An Effective Bifunctional Aldehyde Linchpin for Type II Anion Relay Chemistry: Development and Application to the Synthesis of a C16–C29 Fragment of Rhizopodin

Abstract

The design, synthesis, and validation of a new bifunctional aldehyde linchpin for Type II anion relay chemistry have been achieved. For this linchpin, the initial nucleophilic addition proceeds under Felkin–Anh control to generate the syn-alkoxide, which undergoes a 1,4-Brook rearrangement to relay the negative charge, thus leading to the formation of a dithiane-stabilized carbanion. Subsequent trapping with an electrophile furnishes a tricomponent adduct with an embedded propionate subunit, a ubiquitous structural motif found in polyketides.

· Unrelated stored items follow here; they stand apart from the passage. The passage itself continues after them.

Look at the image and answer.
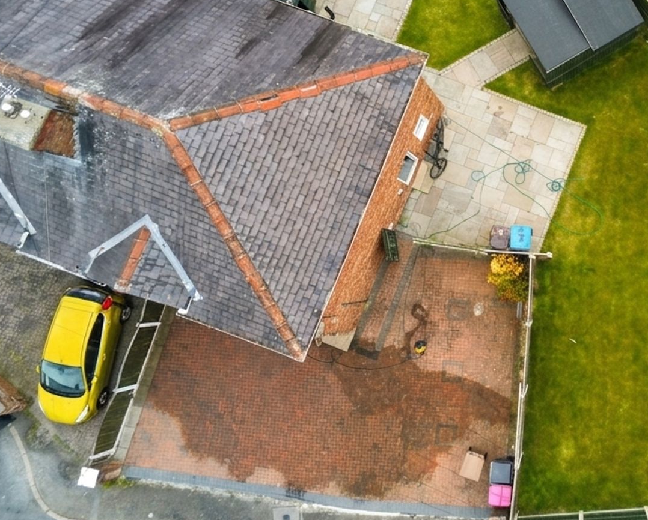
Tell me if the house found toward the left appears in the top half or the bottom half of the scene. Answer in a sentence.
The house found toward the left sits in the top half of the picture.
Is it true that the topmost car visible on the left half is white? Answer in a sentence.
No, the color of the topmost car visible on the left half is yellow.
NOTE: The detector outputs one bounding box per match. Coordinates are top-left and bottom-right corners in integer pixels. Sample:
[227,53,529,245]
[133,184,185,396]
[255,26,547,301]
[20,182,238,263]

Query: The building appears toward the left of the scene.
[0,0,440,364]
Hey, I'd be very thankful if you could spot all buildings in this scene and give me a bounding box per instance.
[0,0,440,364]
[504,0,641,85]
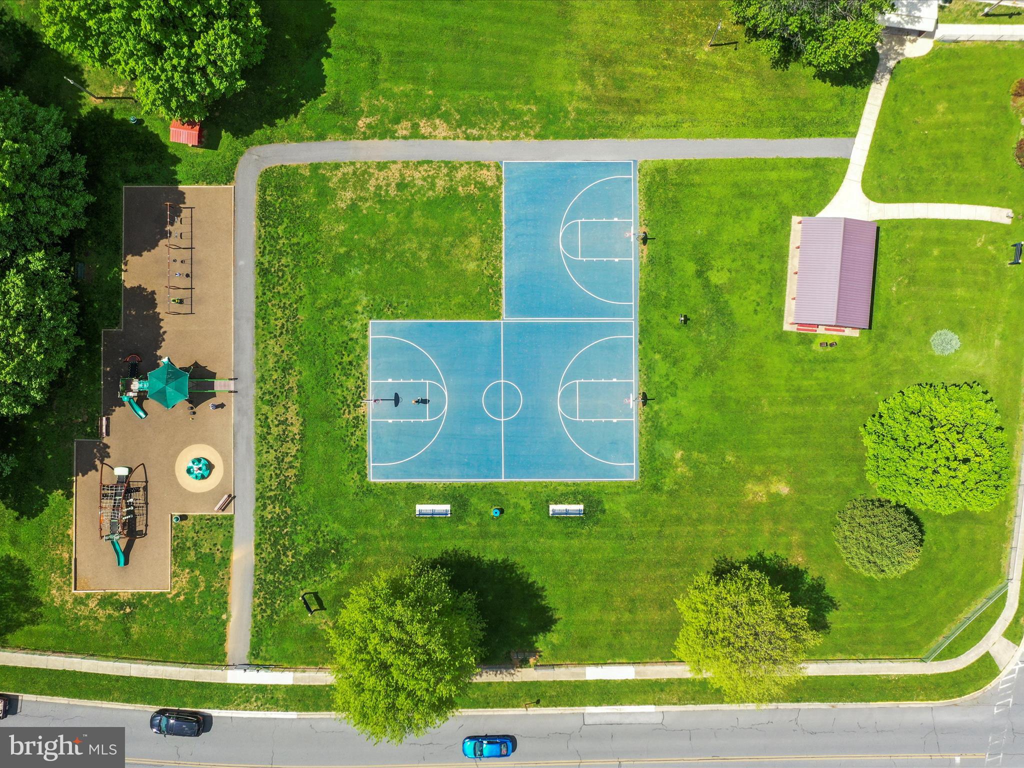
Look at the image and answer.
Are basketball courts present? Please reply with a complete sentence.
Yes, the picture does show a basketball court.
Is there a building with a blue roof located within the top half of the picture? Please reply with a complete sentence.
No, I see no building with a blue roof within the top half of the picture.
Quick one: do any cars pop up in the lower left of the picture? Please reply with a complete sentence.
Yes, looking in the lower left of the picture, one can make out a car.
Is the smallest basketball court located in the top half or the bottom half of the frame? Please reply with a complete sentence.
It is in the top half that the smallest basketball court appears.
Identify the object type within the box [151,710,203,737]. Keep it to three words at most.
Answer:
car
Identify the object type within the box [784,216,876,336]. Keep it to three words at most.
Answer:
building
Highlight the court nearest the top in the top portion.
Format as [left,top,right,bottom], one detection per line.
[502,160,640,320]
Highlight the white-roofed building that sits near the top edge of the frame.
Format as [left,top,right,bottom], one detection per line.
[876,0,939,38]
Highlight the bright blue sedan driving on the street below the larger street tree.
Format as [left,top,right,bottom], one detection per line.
[464,732,513,758]
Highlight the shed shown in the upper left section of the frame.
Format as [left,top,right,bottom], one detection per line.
[168,118,206,150]
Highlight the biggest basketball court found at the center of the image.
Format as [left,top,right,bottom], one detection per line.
[368,320,640,482]
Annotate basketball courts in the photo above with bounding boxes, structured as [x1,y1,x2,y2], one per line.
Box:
[502,160,640,320]
[368,320,640,482]
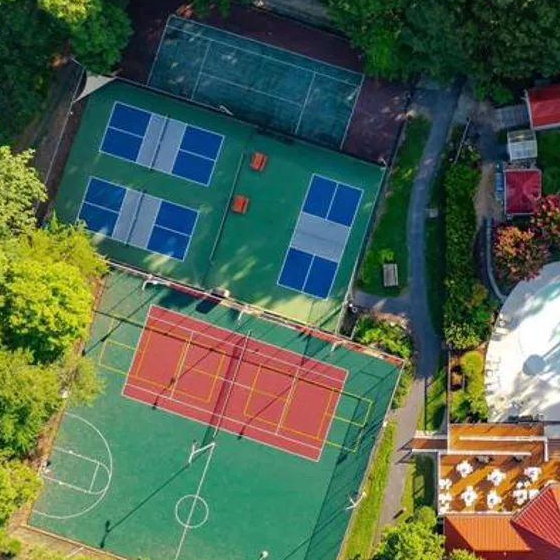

The utility of this new linchpin is demonstrated with the construction of a potential C16–C29 fragment for the synthesis of rhizopodin, an actin-binding macrolide.

Propionate and polypropionate subunits are ubiquitous structural motifs found in many polyketide natural products possessing diverse biological properties.¹ Stereocontrolled synthesis of such structural motifs has attracted considerable interest in the synthetic community due to the challenges that arise from the inherent architectural complexity of many bioactive natural products.² Multicomponent anion relay chemistry (ARC), a highly effective, stereocontrolled fragment union process pioneered in our laboratory,³ holds significant promise for the rapid construction of diverse polyketide natural products.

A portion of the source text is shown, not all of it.